(Items from a data source)
══════

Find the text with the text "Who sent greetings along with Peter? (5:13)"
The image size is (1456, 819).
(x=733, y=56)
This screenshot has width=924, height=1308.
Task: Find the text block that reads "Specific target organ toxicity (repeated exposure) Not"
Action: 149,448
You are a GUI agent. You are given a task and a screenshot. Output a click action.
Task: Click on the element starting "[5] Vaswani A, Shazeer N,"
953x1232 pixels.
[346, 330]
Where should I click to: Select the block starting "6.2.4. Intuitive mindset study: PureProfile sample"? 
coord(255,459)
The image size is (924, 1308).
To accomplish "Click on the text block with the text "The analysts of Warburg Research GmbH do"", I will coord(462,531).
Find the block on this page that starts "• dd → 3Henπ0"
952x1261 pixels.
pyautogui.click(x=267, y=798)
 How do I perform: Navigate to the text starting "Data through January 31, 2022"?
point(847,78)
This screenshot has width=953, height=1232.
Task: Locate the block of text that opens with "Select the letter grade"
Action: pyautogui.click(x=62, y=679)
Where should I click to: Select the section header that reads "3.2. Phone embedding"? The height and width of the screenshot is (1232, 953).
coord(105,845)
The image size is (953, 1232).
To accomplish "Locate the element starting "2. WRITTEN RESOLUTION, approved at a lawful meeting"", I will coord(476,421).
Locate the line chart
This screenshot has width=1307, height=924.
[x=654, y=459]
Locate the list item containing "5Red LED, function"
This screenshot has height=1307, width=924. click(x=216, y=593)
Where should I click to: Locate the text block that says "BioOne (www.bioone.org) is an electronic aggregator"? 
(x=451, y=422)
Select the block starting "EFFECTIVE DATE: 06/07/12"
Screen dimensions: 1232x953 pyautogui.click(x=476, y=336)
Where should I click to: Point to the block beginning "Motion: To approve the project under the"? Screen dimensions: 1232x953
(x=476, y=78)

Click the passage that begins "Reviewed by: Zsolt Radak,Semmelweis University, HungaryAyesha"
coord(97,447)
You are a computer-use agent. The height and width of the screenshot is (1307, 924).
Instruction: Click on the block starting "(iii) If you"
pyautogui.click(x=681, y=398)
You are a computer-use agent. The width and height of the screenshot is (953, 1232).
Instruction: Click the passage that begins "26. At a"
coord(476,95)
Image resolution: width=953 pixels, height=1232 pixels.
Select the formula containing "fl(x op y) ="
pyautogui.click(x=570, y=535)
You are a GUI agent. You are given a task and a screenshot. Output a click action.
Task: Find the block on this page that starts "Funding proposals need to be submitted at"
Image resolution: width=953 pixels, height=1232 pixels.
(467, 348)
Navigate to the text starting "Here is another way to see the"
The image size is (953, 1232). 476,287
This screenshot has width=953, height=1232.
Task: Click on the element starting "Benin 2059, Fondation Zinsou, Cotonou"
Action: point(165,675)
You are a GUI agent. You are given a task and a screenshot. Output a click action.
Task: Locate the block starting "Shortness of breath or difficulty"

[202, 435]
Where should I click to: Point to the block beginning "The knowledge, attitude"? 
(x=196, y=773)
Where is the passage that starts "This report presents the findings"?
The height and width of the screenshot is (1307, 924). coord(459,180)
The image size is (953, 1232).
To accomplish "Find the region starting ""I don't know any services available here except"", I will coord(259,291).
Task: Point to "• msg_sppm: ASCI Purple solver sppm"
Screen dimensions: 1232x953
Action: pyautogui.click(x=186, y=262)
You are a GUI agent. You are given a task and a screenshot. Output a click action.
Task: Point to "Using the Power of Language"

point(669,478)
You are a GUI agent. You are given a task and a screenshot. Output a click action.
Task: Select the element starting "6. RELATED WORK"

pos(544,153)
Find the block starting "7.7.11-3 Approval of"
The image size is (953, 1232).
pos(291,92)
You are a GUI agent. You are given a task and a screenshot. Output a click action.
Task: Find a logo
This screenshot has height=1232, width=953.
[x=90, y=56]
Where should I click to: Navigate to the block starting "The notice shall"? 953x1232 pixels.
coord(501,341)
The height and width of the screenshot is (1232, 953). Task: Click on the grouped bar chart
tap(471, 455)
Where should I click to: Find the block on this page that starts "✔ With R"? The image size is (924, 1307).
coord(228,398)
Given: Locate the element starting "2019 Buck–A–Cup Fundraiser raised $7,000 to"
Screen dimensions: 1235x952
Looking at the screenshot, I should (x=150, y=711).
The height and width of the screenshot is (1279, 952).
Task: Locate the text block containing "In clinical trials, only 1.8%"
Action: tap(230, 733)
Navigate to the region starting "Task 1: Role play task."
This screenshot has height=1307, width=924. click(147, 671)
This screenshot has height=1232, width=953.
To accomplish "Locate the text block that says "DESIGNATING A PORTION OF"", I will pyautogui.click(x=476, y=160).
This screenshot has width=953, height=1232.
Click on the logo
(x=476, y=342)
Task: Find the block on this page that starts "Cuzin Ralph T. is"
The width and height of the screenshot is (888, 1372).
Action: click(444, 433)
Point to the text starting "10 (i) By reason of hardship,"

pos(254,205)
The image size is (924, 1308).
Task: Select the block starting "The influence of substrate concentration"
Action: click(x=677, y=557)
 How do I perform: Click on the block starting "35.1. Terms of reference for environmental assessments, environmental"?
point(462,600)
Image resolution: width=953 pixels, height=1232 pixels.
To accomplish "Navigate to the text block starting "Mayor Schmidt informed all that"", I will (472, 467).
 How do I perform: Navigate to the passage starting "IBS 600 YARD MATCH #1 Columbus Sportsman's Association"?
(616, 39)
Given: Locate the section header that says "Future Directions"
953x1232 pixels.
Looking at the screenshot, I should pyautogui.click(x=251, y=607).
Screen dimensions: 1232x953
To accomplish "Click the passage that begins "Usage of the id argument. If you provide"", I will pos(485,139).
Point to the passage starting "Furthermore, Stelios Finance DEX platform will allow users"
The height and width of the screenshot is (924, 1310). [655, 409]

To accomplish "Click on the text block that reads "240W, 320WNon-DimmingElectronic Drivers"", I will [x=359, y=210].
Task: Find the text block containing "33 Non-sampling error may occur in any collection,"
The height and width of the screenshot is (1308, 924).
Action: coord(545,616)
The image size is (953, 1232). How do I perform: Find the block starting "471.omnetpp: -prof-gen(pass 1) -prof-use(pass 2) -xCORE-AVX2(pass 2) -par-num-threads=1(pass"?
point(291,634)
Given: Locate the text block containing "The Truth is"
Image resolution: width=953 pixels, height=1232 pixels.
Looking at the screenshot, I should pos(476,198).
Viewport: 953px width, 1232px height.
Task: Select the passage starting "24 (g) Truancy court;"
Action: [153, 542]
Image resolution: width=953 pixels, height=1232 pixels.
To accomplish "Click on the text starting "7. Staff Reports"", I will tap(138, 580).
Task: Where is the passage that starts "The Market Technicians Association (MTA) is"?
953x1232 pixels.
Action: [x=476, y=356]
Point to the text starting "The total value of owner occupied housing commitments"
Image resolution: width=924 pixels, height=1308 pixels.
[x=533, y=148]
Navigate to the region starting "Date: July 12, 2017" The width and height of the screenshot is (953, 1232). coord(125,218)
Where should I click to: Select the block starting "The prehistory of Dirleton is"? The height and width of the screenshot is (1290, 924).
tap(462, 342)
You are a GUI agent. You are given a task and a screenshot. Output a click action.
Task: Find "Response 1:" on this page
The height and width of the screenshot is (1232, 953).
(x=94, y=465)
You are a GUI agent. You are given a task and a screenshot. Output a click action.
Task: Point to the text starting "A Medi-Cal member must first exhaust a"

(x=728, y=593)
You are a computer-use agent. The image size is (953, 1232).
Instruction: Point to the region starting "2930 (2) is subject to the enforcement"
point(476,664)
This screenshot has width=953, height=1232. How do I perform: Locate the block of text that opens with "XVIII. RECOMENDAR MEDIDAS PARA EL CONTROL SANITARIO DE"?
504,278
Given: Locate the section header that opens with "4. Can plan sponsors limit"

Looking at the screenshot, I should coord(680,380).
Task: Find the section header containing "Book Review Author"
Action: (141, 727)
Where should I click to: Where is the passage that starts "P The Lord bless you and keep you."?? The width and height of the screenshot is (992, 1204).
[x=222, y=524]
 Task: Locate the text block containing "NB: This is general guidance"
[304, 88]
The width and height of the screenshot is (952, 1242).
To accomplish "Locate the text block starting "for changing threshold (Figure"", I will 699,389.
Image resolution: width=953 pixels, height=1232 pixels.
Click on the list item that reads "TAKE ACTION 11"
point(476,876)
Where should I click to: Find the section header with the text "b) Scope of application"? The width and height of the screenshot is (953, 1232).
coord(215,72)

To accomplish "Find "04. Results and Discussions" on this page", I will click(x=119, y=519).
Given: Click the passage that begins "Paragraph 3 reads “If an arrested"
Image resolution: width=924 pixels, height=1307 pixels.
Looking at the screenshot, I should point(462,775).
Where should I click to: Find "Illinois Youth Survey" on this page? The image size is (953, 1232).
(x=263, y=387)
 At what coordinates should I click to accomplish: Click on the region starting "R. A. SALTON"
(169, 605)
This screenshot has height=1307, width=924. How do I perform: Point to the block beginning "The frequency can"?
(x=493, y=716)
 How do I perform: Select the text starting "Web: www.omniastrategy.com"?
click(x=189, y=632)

══════

- [WORK TO COMPLETE]
Where the string "computer" turns up in a line of the data above, copy that whole line.

- [RESPONSE AREA]
You are a computer-use agent. The height and width of the screenshot is (1307, 924).
You are a computer-use agent. The width and height of the screenshot is (953, 1232).
You are a computer-use agent. The image size is (953, 1232).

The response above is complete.